Updated on 2025-05-07 GMT+08:00

Data Verification

  • Data verification criteria

    After the migration is complete, it is necessary to compare the data consistency between the source and destination ends. The precision of data consistency comparisons varies by scenario. Typically, the database tables for core businesses must be 100% consistent between the source and destination ends. For certain scenarios in big data businesses, such as user profile computing, 90% consistency of raw data is acceptable. Below is reference criteria that can be adjusted based on site requirements.

    Table 1 Reference for data verification criteria

    Category

    Data Consistency Requirement

    Example Business

    Core business

    100%

    The core member data, transaction data, and payment data of an e-commerce system are the most critical assets for users, involving real financial amounts. Therefore, these core services require 100% data consistency. You are advised to perform data comparison on rows, objects, and sample values.

    Non-core business

    99.9%

    The shopping cart data and customer service communication message data of an e-commerce system are non-core business data. A minor loss will not impact the customer's service usage or experience. If the switchover time is limited, it is suggested to only compare the number of data rows.

    Peripheral business

    90%

    The home page recommendation data, user browsing data, and user profile data of an e-commerce system, if partially lost, will not affect the customer's service usage or experience. It is suggested to perform row-level comparisons and sample value checks.

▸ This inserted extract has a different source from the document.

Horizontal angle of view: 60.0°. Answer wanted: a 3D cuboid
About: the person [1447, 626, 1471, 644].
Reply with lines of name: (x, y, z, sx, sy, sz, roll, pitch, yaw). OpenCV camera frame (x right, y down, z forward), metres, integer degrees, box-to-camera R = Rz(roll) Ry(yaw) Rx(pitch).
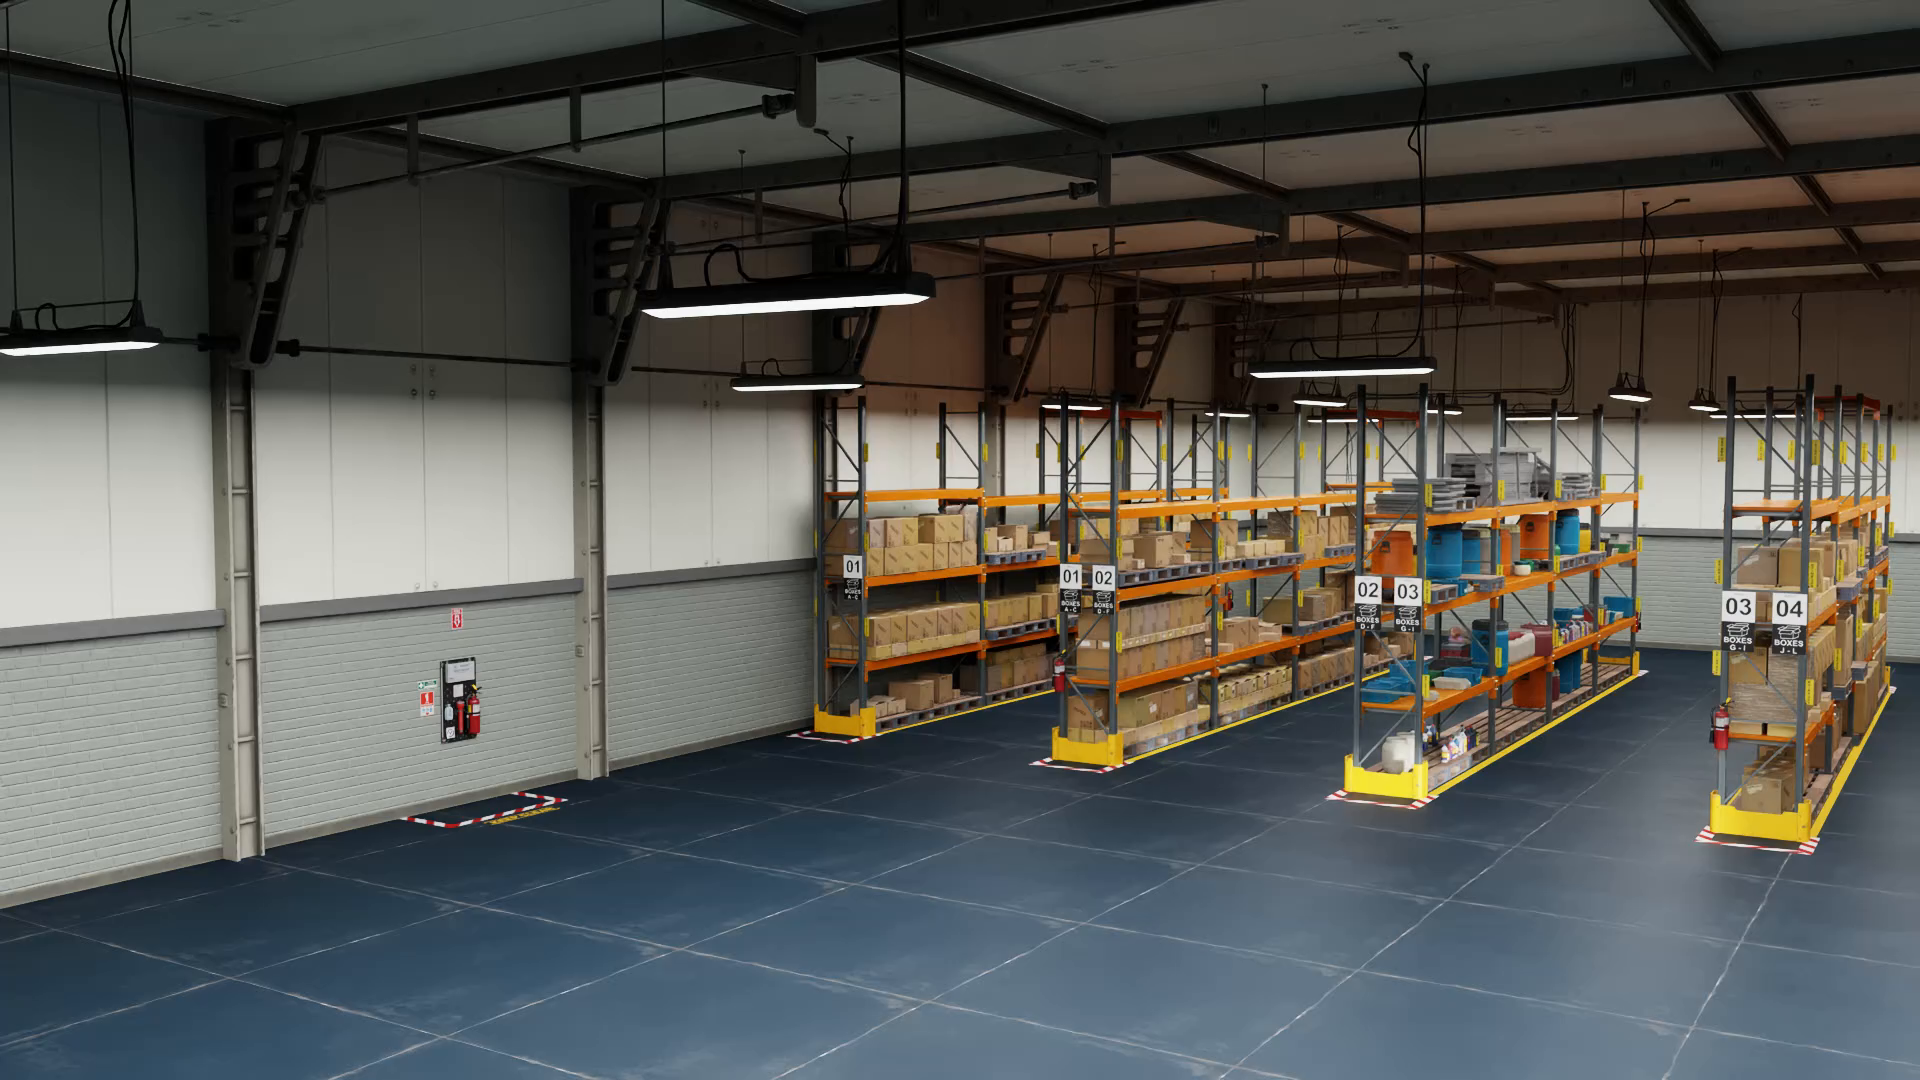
person: (10.055, 2.473, 33.392, 0.581, 1.515, 0.791, 3, 4, 42)

  • Data verification methods

    Data is categorized into database data, middleware data, and file data, each with distinct consistency verification methods and tools.

    • The methods for verifying database data consistency are described in the following table.
      Table 2 Database data consistency comparison methods

      Item

      Tool

      Description

      Database- and table-level content comparison

      DRS tool

      Query and compare each data record in the database table to ensure that every field in each record matches the corresponding fields in the source database table. Content comparison is generally slower than row comparison.

      Python script

      Based on the DRS task ID, call an API to batch execute comparison tasks and export the results to an XLSX file. Compared to the DRS tool, Python scripts can be executed in batches, improving execution efficiency.

      Database- and table-level object comparison

      DRS tool

      Compares objects like databases, indexes, tables, views, stored procedures, functions, and table sorting rules.

      Python script

      Based on the DRS task ID, call an API to batch execute comparison tasks and export the results to an XLSX file. Compared to the DRS tool, Python scripts can be executed in batches, improving execution efficiency.

      Database and table-level row count comparison

      DRS tool

      Compare the number of rows in tables to check if they are consistent. Only the row count is queried, making the comparison process faster.

      Python script

      The batch script creates N concurrent task threads, iterates through all tables individually, and outputs the comparison results to an XLSX file. Compared to the DRS tool, Python scripts can be executed in batches, improving execution efficiency.

    • The methods for verifying middleware data consistency are described in the following table.
      Table 3 Middleware data consistency comparison methods

      Item

      Tool

      Description

      Keys quantity comparison

      redis-cli

      Run the redis-cli command info keyspace to view the values of the keys and expires parameters, subtract expires from keys in the source Redis, check the difference, and repeat this for the target Redis. If both differences are the same, it indicates that the number of keys is consistent and the migration is successful.

      Key-value content comparison

      Open-source Redis-Full-Check

      Data verification is conducted by fully comparing the data content in the source and destination Redis. The tool captures data from both ends multiple times for differentiated comparisons, recording inconsistent data for subsequent rounds. Through continuous rounds of comparison, the differences gradually converge. The final discrepancy results are stored in SQLite; if no discrepancies exist, it indicates that the data content is complete and the migration was successful.

    • The methods for verifying file data consistency are described in the following table.
      Table 4 File data consistency comparison methods

      Type

      Item

      Tool

      Description

      Object storage

      Object quantity

      OMS

      The OMS migration tool verifies file integrity through MD5 and checks if the data volume of objects in both buckets is consistent.

      File storage

      File quantity

      Rclone

      Rclone utilizes MD5 hash values to verify file integrity. Post-synchronization, it compares the quantity of files at the source and destination ends.

      Rsync

      Rsync utilizes MD5 hash values to validate file integrity; if the checksums do not match, Rsync will retransmit the file to guarantee data consistency. Post-synchronization, it compares the quantity of files at the source and destination ends.

      File size

      Python script

      After the migration is completed, it determines if there is consistency by comparing the total file sizes at the source and destination ends.

      File content

      Python script

      After the migration is completed, it compares the hash values of the source and destination files by calculating them to verify if they match.